There are at least `25` methods for finding square roots, one of my favourites involving generalised continued fractions, using the fact that if `a > 0` then:

`sqrt(a^2+b) = a+b/(2a+b/(2a+b/(2a+b/(2a+...))))`

This works whether `b` is positive or negative, but in order to converge rapidly you want `b` to be small in comparison to `a`.

This works particularly well for numbers like `17 = 4^2+1` which are of the form `a^2+1` in that they give simple continued fractions which converge quickly...

`sqrt(17) = sqrt(color(blue)(4)^2+color(blue)(1)) = 4+1/(8+1/(8+1/(8+1/(8+...))))`

You can terminate this continued fraction early to get rational approximations to `sqrt(17)`, e.g.:

`sqrt(17) ~~ 4+1/8 = 33/8 = 4.125`

`sqrt(17) ~~ 4+1/(8+1/8) = 4+8/65 = 268/65 = 4.123bar(076923)`

`sqrt(17) ~~ 4+1/(8+1/(8+1/8)) = 4+1/(8+8/65) = 4+65/528 = 2177/528 = 4.1231bar(06)`

The resulting approximation has about as many correct significant digits as the total number of digits in the quotient. So `2177/528` is accurate to `7` significant digits.

Answer 4

Here's a method using integer sequences...

Explanation:

Another fun method uses integer sequences.

Theory

Suppose you have a positive integer `n` whose square root you want to find rational approximations for and an integer approximation `a` such that `abs(sqrt(n)-a) < 1`.

Consider the quadratic with zeros `a+sqrt(n)` and `a-sqrt(n)`, namely:

`(x-a-sqrt(n))(x-a+sqrt(n)) = (x-a)^2-n`

`color(white)((x-a-sqrt(n))(x-a+sqrt(n))) = x^2-2ax-(n-a^2)`

From this quadratic, let us construct a sequence by recursive rules:

`{ (t_0 = 0), (t_1 = 1), (t_(k+2) = 2at_(k+1)+(n-a^2)t_k " for " k >= 0) :}`

It is possible (and not too difficult) to create a direct formula for `t_k` in the form `A(a+sqrt(n))^k+B(a-sqrt(n))^k` for some constants `A, B`.

Note that as `k` increases `abs((a-sqrt(n))^k) -> 0`.

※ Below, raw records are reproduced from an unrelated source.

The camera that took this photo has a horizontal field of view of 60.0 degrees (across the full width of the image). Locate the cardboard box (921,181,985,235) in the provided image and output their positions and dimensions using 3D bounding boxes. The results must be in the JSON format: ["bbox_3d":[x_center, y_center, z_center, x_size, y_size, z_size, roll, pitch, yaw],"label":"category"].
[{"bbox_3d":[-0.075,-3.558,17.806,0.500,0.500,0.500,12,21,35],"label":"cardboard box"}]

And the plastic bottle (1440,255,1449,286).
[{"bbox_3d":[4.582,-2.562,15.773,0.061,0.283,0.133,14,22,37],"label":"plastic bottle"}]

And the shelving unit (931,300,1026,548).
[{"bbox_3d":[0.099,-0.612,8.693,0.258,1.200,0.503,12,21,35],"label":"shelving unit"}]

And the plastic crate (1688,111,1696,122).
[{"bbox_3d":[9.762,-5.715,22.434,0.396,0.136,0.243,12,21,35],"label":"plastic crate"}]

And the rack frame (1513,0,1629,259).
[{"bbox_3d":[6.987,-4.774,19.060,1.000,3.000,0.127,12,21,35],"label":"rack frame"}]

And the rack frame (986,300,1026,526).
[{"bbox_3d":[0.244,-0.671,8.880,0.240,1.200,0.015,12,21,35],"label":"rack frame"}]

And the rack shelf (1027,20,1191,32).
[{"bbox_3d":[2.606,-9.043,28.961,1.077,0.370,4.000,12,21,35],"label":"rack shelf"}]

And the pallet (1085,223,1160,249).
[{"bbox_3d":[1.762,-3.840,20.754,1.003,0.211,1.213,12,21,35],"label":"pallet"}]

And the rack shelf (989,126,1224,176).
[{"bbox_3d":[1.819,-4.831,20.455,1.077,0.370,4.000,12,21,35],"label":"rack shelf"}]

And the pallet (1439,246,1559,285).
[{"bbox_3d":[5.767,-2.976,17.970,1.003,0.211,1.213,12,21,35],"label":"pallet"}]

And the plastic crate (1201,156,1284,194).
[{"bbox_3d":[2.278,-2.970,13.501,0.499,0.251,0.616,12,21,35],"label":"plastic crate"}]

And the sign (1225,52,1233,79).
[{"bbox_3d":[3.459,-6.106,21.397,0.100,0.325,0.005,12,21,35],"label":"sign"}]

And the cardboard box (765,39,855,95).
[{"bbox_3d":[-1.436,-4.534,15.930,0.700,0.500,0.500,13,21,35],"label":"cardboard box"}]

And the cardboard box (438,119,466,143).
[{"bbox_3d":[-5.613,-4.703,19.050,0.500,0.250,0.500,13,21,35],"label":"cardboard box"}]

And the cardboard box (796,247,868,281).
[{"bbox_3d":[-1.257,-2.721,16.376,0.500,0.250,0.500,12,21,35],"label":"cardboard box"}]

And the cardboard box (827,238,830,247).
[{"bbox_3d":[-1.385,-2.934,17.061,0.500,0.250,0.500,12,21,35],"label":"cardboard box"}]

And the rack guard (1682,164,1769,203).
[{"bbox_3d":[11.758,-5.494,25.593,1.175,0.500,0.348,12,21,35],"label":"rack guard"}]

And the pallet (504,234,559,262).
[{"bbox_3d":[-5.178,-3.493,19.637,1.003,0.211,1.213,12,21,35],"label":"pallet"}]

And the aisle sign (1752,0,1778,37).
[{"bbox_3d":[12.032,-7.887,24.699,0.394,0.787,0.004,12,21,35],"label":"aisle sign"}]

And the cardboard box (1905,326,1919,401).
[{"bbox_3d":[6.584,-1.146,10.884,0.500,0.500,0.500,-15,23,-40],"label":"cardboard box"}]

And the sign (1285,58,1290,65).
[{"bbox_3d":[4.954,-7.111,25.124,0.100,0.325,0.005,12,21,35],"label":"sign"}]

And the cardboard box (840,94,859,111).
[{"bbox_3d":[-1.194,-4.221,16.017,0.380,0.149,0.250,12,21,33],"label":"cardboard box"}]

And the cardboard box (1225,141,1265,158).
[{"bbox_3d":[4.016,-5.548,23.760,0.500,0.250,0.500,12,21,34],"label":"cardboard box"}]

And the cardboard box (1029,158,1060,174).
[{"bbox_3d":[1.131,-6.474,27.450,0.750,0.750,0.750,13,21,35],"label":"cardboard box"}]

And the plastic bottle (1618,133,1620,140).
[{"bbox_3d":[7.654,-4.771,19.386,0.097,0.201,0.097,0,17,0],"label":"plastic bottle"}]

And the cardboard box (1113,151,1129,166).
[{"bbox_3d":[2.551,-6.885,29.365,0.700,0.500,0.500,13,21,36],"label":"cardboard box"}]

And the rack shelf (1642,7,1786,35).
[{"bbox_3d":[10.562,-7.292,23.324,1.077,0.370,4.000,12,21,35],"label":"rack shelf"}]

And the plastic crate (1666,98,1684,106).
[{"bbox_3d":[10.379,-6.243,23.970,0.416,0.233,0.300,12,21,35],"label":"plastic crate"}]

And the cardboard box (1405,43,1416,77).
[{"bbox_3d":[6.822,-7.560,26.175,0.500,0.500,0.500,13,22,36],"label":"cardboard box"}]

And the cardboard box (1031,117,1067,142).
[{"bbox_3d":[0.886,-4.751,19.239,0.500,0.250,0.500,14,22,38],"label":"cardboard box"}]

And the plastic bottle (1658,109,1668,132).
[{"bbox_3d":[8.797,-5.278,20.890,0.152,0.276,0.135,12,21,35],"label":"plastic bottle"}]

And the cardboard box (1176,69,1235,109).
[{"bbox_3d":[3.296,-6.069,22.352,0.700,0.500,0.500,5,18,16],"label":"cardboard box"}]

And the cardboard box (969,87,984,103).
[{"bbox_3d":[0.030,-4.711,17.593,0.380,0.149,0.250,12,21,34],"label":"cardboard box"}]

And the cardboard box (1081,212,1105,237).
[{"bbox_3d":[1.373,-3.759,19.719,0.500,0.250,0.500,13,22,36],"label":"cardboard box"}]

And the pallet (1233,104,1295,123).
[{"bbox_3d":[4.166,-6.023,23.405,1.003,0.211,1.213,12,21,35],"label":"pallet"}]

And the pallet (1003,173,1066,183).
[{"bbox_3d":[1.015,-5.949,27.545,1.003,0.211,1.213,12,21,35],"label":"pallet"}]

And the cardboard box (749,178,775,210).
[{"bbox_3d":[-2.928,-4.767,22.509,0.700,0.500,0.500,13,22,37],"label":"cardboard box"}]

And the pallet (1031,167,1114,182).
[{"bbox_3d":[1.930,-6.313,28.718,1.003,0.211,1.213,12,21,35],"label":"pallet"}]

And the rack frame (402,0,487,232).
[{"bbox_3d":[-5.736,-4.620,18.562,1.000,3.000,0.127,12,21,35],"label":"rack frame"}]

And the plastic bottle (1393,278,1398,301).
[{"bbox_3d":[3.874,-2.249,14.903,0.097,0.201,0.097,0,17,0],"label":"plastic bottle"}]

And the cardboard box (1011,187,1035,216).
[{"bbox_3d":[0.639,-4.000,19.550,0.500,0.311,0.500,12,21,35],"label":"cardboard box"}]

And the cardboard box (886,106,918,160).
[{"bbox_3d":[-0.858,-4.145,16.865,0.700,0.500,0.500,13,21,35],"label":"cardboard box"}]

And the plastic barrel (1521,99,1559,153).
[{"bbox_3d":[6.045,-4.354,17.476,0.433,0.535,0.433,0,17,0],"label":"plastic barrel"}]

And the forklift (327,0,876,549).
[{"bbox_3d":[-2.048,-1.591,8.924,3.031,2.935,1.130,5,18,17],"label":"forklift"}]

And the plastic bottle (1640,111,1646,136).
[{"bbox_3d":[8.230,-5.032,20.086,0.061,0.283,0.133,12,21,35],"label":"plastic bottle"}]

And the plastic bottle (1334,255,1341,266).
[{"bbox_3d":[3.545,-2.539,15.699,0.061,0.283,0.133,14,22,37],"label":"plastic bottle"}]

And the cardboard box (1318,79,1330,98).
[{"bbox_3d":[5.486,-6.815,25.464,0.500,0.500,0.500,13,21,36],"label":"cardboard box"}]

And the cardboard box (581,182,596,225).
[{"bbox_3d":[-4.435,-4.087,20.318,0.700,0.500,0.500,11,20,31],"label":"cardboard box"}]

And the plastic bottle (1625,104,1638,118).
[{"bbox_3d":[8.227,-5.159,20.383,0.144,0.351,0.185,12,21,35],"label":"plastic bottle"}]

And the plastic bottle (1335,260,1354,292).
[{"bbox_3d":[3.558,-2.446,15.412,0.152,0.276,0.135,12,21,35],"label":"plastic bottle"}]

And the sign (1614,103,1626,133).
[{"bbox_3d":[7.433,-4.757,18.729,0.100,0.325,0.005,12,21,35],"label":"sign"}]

Hence the ratio between successive terms will tend to `a+sqrt(n)`

Application

Let `n=17` and `a=4`

Define a sequence recursively by:

`{ (t_0 = 0), (t_1 = 1), (t_(k+2) = 2(color(blue)(4))t_(k+1)+(color(blue)(17)-color(blue)(4)^2)t_k = 8t_(k+1)+t_k) :}`

The first few terms are:

`0, 1, 8, 65, 528, 4289, 34840,...`

Since `17=4^2+1` is close to `4^2`, the ratio will converge quite rapidly in this example and we find:

`sqrt(17) ~~ 34840/4289-4 = 17684/4289 ~~ 4.123105619`

A calculator tells me that:

`sqrt(17) ~~ 4.12310562561766`

So our approximation was accurate to `8` significant digits and nearly correct to `9` significant digits. If you want more correct significant digits, just calculate a few more terms of the integer sequence before dividing the last term by the penultimate one.